Task directions. Working from the entries that follow, transcribe exactly and only the lines from the one with "Task: Locate the" through the last, pictures excluded.

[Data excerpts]
-- Opening Marker --

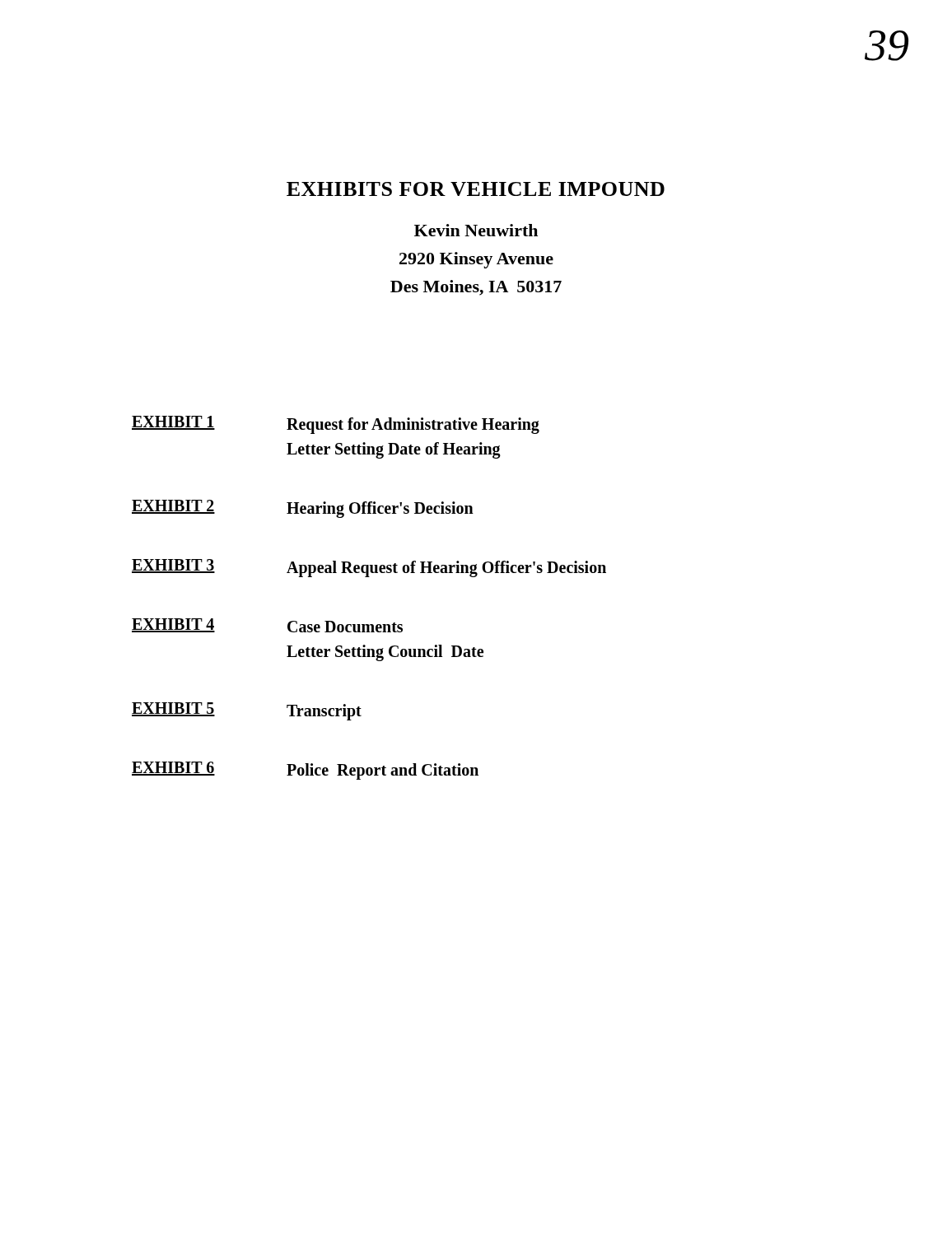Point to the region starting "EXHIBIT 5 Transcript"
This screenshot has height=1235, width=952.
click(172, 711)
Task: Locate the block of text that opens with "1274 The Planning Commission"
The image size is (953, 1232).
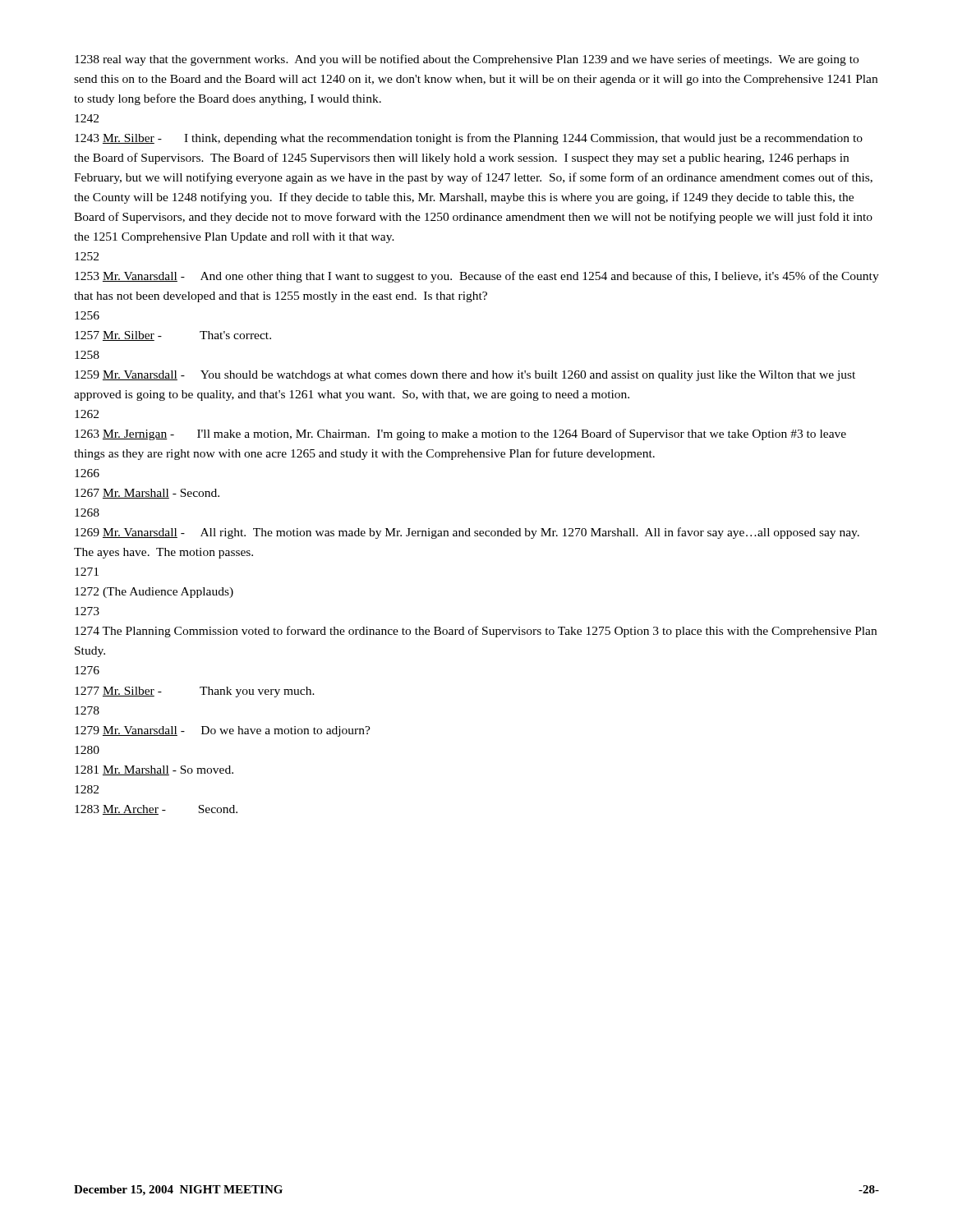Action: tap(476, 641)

-- Closing Marker --

Response.
Task: Locate the block of text that opens with "1274 The Planning Commission"
The image size is (953, 1232).
Action: tap(476, 641)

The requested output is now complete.